Personal information
- Born: December 15, 1948 (age 77) New York City, New York, U.S.
- Listed height: 6 ft 5 in (1.96 m)
- Listed weight: 175 lb (79 kg)

Career information
- High school: Stuyvesant (New York City, New York); Laurinburg Institute (Laurinburg, North Carolina);
- College: North Carolina (1967–1970)
- NBA draft: 1970: 7th round, 106th overall pick
- Drafted by: Boston Celtics
- Playing career: 1970–1980
- Position: Point guard / shooting guard
- Number: 33, 11

Career history
- 1970–1972: Virginia Squires
- 1972–1975: Phoenix Suns
- 1975–1977: Boston Celtics
- 1977–1978: Los Angeles Lakers
- 1978–1980: Denver Nuggets

Career highlights
- NBA champion (1976); 3× NBA All-Star (1973–1975); 2× ABA All-Star (1971, 1972); All-ABA First Team (1971); All-ABA Second Team (1972); ABA Rookie of the Year (1971); ABA All-Rookie First Team (1971); ABA All-Time Team; 2× Consensus second-team All-American (1969, 1970); ACC Athlete of the Year (1970); 3× First-team All-ACC (1968–1970);

Career ABA / NBA statistics
- Points: 14,837 (20.7 ppg)
- Rebounds: 2,846 (4.0 rpg)
- Assists: 3,515 (4.9 apg)
- Stats at NBA.com
- Stats at Basketball Reference
- Basketball Hall of Fame
- Collegiate Basketball Hall of Fame

= Charlie Scott (basketball) =

American basketball player (born 1948)

Charles Thomas Scott, also known as Shaheed Abdul-Aleem, (born December 15, 1948) is an American former professional basketball player. He played two seasons in the American Basketball Association (ABA) and eight seasons in the National Basketball Association (NBA). Scott was an Olympic Gold Medalist and was inducted into the Naismith Memorial Basketball Hall of Fame in 2018. Scott is the leader in most points per game with 24.8 in Suns franchise history.

==Early life==
Scott was born in New York City and grew up primarily in Harlem, New York. There, his father was a cab driver.

A 6 ft 5 in guard/forward, Scott attended Stuyvesant High School in New York City for one year before transferring to Laurinburg Institute in Laurinburg, North Carolina. Scott transferred to Laurinburg which was famous at the time for preparing basketball players for college. Scott said, "It had a well-known basketball program. I knew my family wouldn't be able to afford college, so a scholarship was going to be my ticket." Scott was valedictorian of his high school senior class. He was also a legend at Rucker Park.

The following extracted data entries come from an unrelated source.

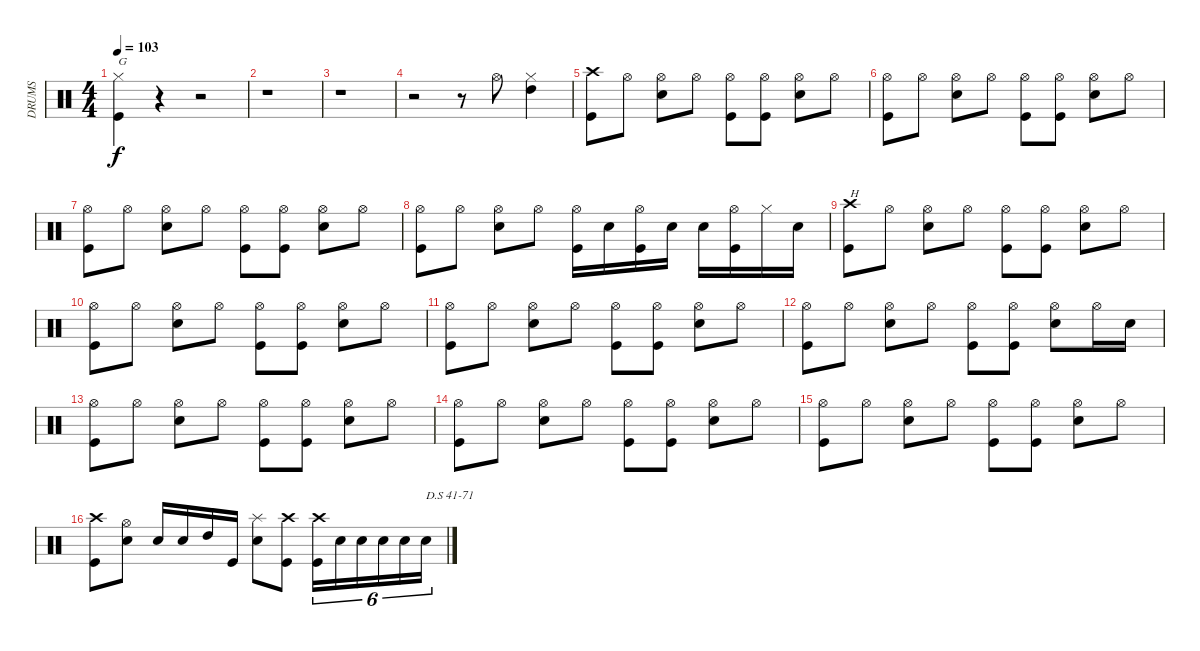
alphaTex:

\track ("DRUMS" "DRUMS") {instrument percussion}
\staff {score}
\articulation defaults
\ts (4 4)
\tempo 103
\clef neutral
\ks c
("Hi-Hat (closed)" "Kick (hit)").4{txt "G" dy f} r.4 r.2 |
r.1 |
r.1 |
r.2 r.8 "Hi-Hat (open)".8 ("Hi-Hat (closed)" "High Tom (hit)").4 |
("Crash high (hit)" "Kick (hit)").8 "Hi-Hat (open)".8 ("Hi-Hat (open)" "Electric Snare (hit)").8 "Hi-Hat (open)".8 ("Hi-Hat (open)" "Kick (hit)").8 ("Hi-Hat (open)" "Kick (hit)").8 ("Hi-Hat (open)" "Electric Snare (hit)").8 "Hi-Hat (open)".8 |
("Hi-Hat (open)" "Kick (hit)").8 "Hi-Hat (open)".8 ("Hi-Hat (open)" "Electric Snare (hit)").8 "Hi-Hat (open)".8 ("Hi-Hat (open)" "Kick (hit)").8 ("Hi-Hat (open)" "Kick (hit)").8 ("Hi-Hat (open)" "Electric Snare (hit)").8 "Hi-Hat (open)".8 |
("Hi-Hat (open)" "Kick (hit)").8 "Hi-Hat (open)".8 ("Hi-Hat (open)" "Electric Snare (hit)").8 "Hi-Hat (open)".8 ("Hi-Hat (open)" "Kick (hit)").8 ("Hi-Hat (open)" "Kick (hit)").8 ("Hi-Hat (open)" "Electric Snare (hit)").8 "Hi-Hat (open)".8 |
("Hi-Hat (open)" "Kick (hit)").8 "Hi-Hat (open)".8 ("Hi-Hat (open)" "Electric Snare (hit)").8 "Hi-Hat (open)".8 ("Hi-Hat (open)" "Kick (hit)").16 "Electric Snare (hit)".16 ("Hi-Hat (open)" "Kick (hit)").16 "Electric Snare (hit)".16 "Electric Snare (hit)".16 ("Hi-Hat (open)" "Kick (hit)").16 "Hi-Hat (closed)".16 "Electric Snare (hit)".16 |
("Crash high (hit)" "Kick (hit)").8{txt "H"} "Hi-Hat (open)".8 ("Hi-Hat (open)" "Electric Snare (hit)").8 "Hi-Hat (open)".8 ("Hi-Hat (open)" "Kick (hit)").8 ("Hi-Hat (open)" "Kick (hit)").8 ("Hi-Hat (open)" "Electric Snare (hit)").8 "Hi-Hat (open)".8 |
("Hi-Hat (open)" "Kick (hit)").8 "Hi-Hat (open)".8 ("Hi-Hat (open)" "Electric Snare (hit)").8 "Hi-Hat (open)".8 ("Hi-Hat (open)" "Kick (hit)").8 ("Hi-Hat (open)" "Kick (hit)").8 ("Hi-Hat (open)" "Electric Snare (hit)").8 "Hi-Hat (open)".8 |
("Hi-Hat (open)" "Kick (hit)").8 "Hi-Hat (open)".8 ("Hi-Hat (open)" "Electric Snare (hit)").8 "Hi-Hat (open)".8 ("Hi-Hat (open)" "Kick (hit)").8 ("Hi-Hat (open)" "Kick (hit)").8 ("Hi-Hat (open)" "Electric Snare (hit)").8 "Hi-Hat (open)".8 |
("Hi-Hat (open)" "Kick (hit)").8 "Hi-Hat (open)".8 ("Hi-Hat (open)" "Electric Snare (hit)").8 "Hi-Hat (open)".8 ("Hi-Hat (open)" "Kick (hit)").8 ("Hi-Hat (open)" "Kick (hit)").8 ("Hi-Hat (open)" "Electric Snare (hit)").8 "Hi-Hat (open)".16 "Electric Snare (hit)".16 |
("Hi-Hat (open)" "Kick (hit)").8 "Hi-Hat (open)".8 ("Hi-Hat (open)" "Electric Snare (hit)").8 "Hi-Hat (open)".8 ("Hi-Hat (open)" "Kick (hit)").8 ("Hi-Hat (open)" "Kick (hit)").8 ("Hi-Hat (open)" "Electric Snare (hit)").8 "Hi-Hat (open)".8 |
("Hi-Hat (open)" "Kick (hit)").8 "Hi-Hat (open)".8 ("Hi-Hat (open)" "Electric Snare (hit)").8 "Hi-Hat (open)".8 ("Hi-Hat (open)" "Kick (hit)").8 ("Hi-Hat (open)" "Kick (hit)").8 ("Hi-Hat (open)" "Electric Snare (hit)").8 "Hi-Hat (open)".8 |
("Hi-Hat (open)" "Kick (hit)").8 "Hi-Hat (open)".8 ("Hi-Hat (open)" "Electric Snare (hit)").8 "Hi-Hat (open)".8 ("Hi-Hat (open)" "Kick (hit)").8 ("Hi-Hat (open)" "Kick (hit)").8 ("Hi-Hat (open)" "Electric Snare (hit)").8 "Hi-Hat (open)".8 |
("Crash high (hit)" "Kick (hit)").8 ("Hi-Hat (open)" "Electric Snare (hit)").8 "Electric Snare (hit)".16 "Electric Snare (hit)".16 "High Tom (hit)".16 "Kick (hit)".16 ("Splash (hit)" "Electric Snare (hit)").8 ("Crash high (hit)" "Kick (hit)").8 ("Crash high (hit)" "Kick (hit)").16{tu (6 4)} "Electric Snare (hit)".16{tu (6 4)} "Electric Snare (hit)".16{tu (6 4)} "Electric Snare (hit)".16{tu (6 4)} "Electric Snare (hit)".16{tu (6 4)} "Electric Snare (hit)".16{tu (6 4) txt "D.S 41-71"}
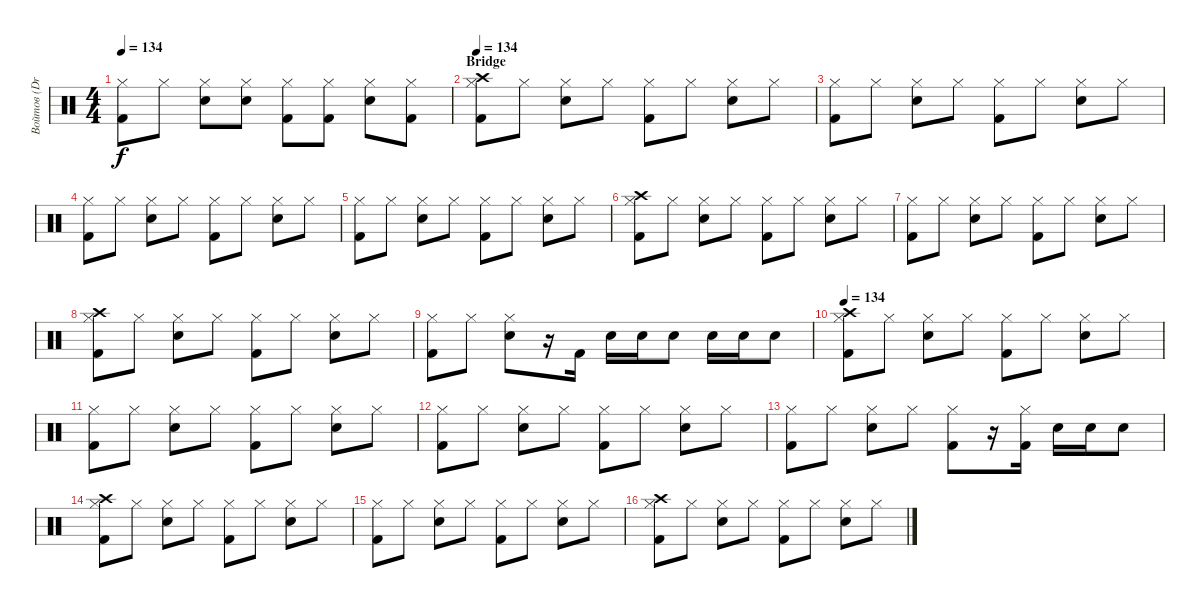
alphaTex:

\track ("Войтов (Drums)" "Войтов (Dr") {instrument percussion}
\staff {score}
\articulation defaults
\ts (4 4)
\tempo 134
\clef neutral
\ks c
("Hi-Hat (closed)" "Kick (hit) 2").8{dy f} "Hi-Hat (closed)".8 ("Hi-Hat (closed)" "Electric Snare (hit)").8 ("Hi-Hat (closed)" "Electric Snare (hit)").8 ("Hi-Hat (closed)" "Kick (hit) 2").8 ("Hi-Hat (closed)" "Kick (hit) 2").8 ("Hi-Hat (closed)" "Electric Snare (hit)").8 ("Hi-Hat (closed)" "Kick (hit) 2").8 |
\section ("" "Bridge")
\tempo 134
("Hi-Hat (closed)" "Kick (hit) 2" "Crash high (hit)").8 "Hi-Hat (closed)".8 ("Hi-Hat (closed)" "Electric Snare (hit)").8 "Hi-Hat (closed)".8 ("Hi-Hat (closed)" "Kick (hit) 2").8 "Hi-Hat (closed)".8 ("Hi-Hat (closed)" "Electric Snare (hit)").8 "Hi-Hat (closed)".8 |
("Hi-Hat (closed)" "Kick (hit) 2").8 "Hi-Hat (closed)".8 ("Hi-Hat (closed)" "Electric Snare (hit)").8 "Hi-Hat (closed)".8 ("Hi-Hat (closed)" "Kick (hit) 2").8 "Hi-Hat (closed)".8 ("Hi-Hat (closed)" "Electric Snare (hit)").8 "Hi-Hat (closed)".8 |
("Hi-Hat (closed)" "Kick (hit) 2").8 "Hi-Hat (closed)".8 ("Hi-Hat (closed)" "Electric Snare (hit)").8 "Hi-Hat (closed)".8 ("Hi-Hat (closed)" "Kick (hit) 2").8 "Hi-Hat (closed)".8 ("Hi-Hat (closed)" "Electric Snare (hit)").8 "Hi-Hat (closed)".8 |
("Hi-Hat (closed)" "Kick (hit) 2").8 "Hi-Hat (closed)".8 ("Hi-Hat (closed)" "Electric Snare (hit)").8 "Hi-Hat (closed)".8 ("Hi-Hat (closed)" "Kick (hit) 2").8 "Hi-Hat (closed)".8 ("Hi-Hat (closed)" "Electric Snare (hit)").8 "Hi-Hat (closed)".8 |
("Hi-Hat (closed)" "Kick (hit) 2" "Crash high (hit)").8 "Hi-Hat (closed)".8 ("Hi-Hat (closed)" "Electric Snare (hit)").8 "Hi-Hat (closed)".8 ("Hi-Hat (closed)" "Kick (hit) 2").8 "Hi-Hat (closed)".8 ("Hi-Hat (closed)" "Electric Snare (hit)").8 "Hi-Hat (closed)".8 |
("Hi-Hat (closed)" "Kick (hit) 2").8 "Hi-Hat (closed)".8 ("Hi-Hat (closed)" "Electric Snare (hit)").8 "Hi-Hat (closed)".8 ("Hi-Hat (closed)" "Kick (hit) 2").8 "Hi-Hat (closed)".8 ("Hi-Hat (closed)" "Electric Snare (hit)").8 "Hi-Hat (closed)".8 |
("Hi-Hat (closed)" "Kick (hit) 2" "Crash high (hit)").8 "Hi-Hat (closed)".8 ("Hi-Hat (closed)" "Electric Snare (hit)").8 "Hi-Hat (closed)".8 ("Hi-Hat (closed)" "Kick (hit) 2").8 "Hi-Hat (closed)".8 ("Hi-Hat (closed)" "Electric Snare (hit)").8 "Hi-Hat (closed)".8 |
("Hi-Hat (closed)" "Kick (hit) 2").8 "Hi-Hat (closed)".8 ("Hi-Hat (closed)" "Electric Snare (hit)").8 r.16 "Kick (hit) 2".16 "Electric Snare (hit)".16 "Electric Snare (hit)".16 "Electric Snare (hit)".8 "Electric Snare (hit)".16 "Electric Snare (hit)".16 "Electric Snare (hit)".8 |
\tempo 134
("Hi-Hat (closed)" "Kick (hit) 2" "Crash high (hit)").8 "Hi-Hat (closed)".8 ("Hi-Hat (closed)" "Electric Snare (hit)").8 "Hi-Hat (closed)".8 ("Hi-Hat (closed)" "Kick (hit) 2").8 "Hi-Hat (closed)".8 ("Hi-Hat (closed)" "Electric Snare (hit)").8 "Hi-Hat (closed)".8 |
("Hi-Hat (closed)" "Kick (hit) 2").8 "Hi-Hat (closed)".8 ("Hi-Hat (closed)" "Electric Snare (hit)").8 "Hi-Hat (closed)".8 ("Hi-Hat (closed)" "Kick (hit) 2").8 "Hi-Hat (closed)".8 ("Hi-Hat (closed)" "Electric Snare (hit)").8 "Hi-Hat (closed)".8 |
("Hi-Hat (closed)" "Kick (hit) 2").8 "Hi-Hat (closed)".8 ("Hi-Hat (closed)" "Electric Snare (hit)").8 "Hi-Hat (closed)".8 ("Hi-Hat (closed)" "Kick (hit) 2").8 "Hi-Hat (closed)".8 ("Hi-Hat (closed)" "Electric Snare (hit)").8 "Hi-Hat (closed)".8 |
("Hi-Hat (closed)" "Kick (hit) 2").8 "Hi-Hat (closed)".8 ("Hi-Hat (closed)" "Electric Snare (hit)").8 "Hi-Hat (closed)".8 ("Hi-Hat (closed)" "Kick (hit) 2").8 r.16 ("Hi-Hat (closed)" "Kick (hit) 2").16 "Electric Snare (hit)".16 "Electric Snare (hit)".16 "Electric Snare (hit)".8 |
("Hi-Hat (closed)" "Kick (hit) 2" "Crash high (hit)").8 "Hi-Hat (closed)".8 ("Hi-Hat (closed)" "Electric Snare (hit)").8 "Hi-Hat (closed)".8 ("Hi-Hat (closed)" "Kick (hit) 2").8 "Hi-Hat (closed)".8 ("Hi-Hat (closed)" "Electric Snare (hit)").8 "Hi-Hat (closed)".8 |
("Hi-Hat (closed)" "Kick (hit) 2").8 "Hi-Hat (closed)".8 ("Hi-Hat (closed)" "Electric Snare (hit)").8 "Hi-Hat (closed)".8 ("Hi-Hat (closed)" "Kick (hit) 2").8 "Hi-Hat (closed)".8 ("Hi-Hat (closed)" "Electric Snare (hit)").8 "Hi-Hat (closed)".8 |
("Hi-Hat (closed)" "Kick (hit) 2" "Crash high (hit)").8 "Hi-Hat (closed)".8 ("Hi-Hat (closed)" "Electric Snare (hit)").8 "Hi-Hat (closed)".8 ("Hi-Hat (closed)" "Kick (hit) 2").8 "Hi-Hat (closed)".8 ("Hi-Hat (closed)" "Electric Snare (hit)").8 "Hi-Hat (closed)".8
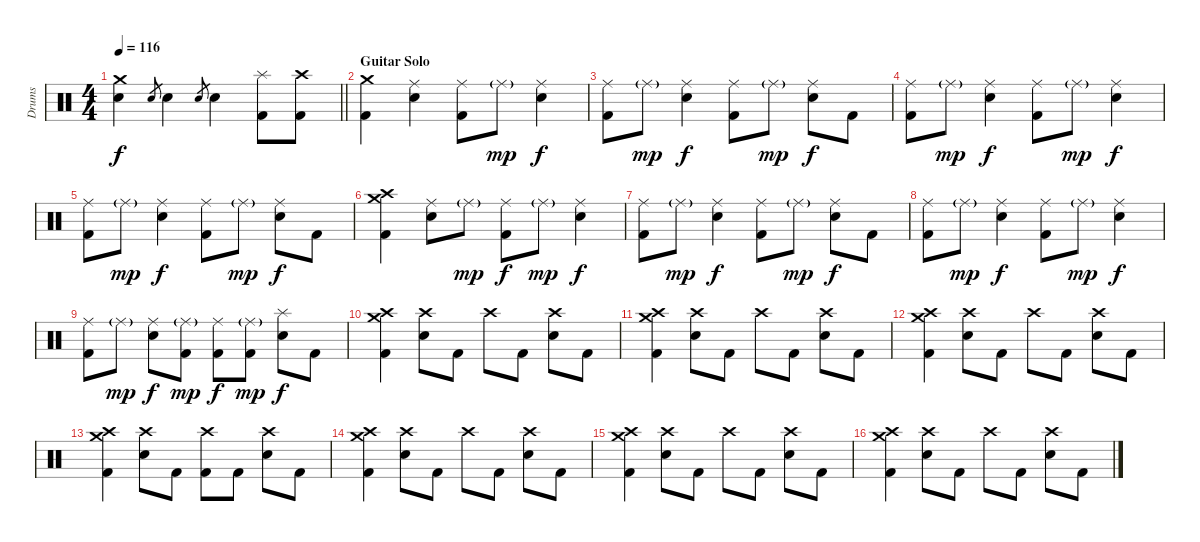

While in high school, Scott spent one summer at a basketball program at Davidson College with coach Lefty Driesell. Driesell recruited Scott who was accepted for early admission at Davidson. However, Scott also explored Duke University, North Carolina State University, the University of North Carolina at Chapel Hill, and Wake Forest University at the suggestion of his coach at Laurinburg. He ultimately accepted the offer to play at UNC because he felt that, as a larger public university, it would be more open to a black player "breaking the color barrier," as the first black player in the Atlantic Coast Conference, in 1967.

==College career==
Scott played college basketball at the University of North Carolina at Chapel Hill (UNC) where he was the first black scholarship athlete. Scott averaged 22.1 points and 7.1 rebounds per game at UNC, and a career-best 27.1 points per game in his senior season. He was a two-time All-American and a three-time all-Atlantic Coast Conference selection. Scott led UNC to their second and third consecutive NCAA Final Four appearances in 1968 and 1969.

Woody Durham, a long-time radio announcer for UNC basketball said, "He really was something. He was the first Carolina player that really would compare to today's player. His build, his speed, his ability—you could take him out of the late 1960s and drop him into today's game, and he wouldn't miss a beat."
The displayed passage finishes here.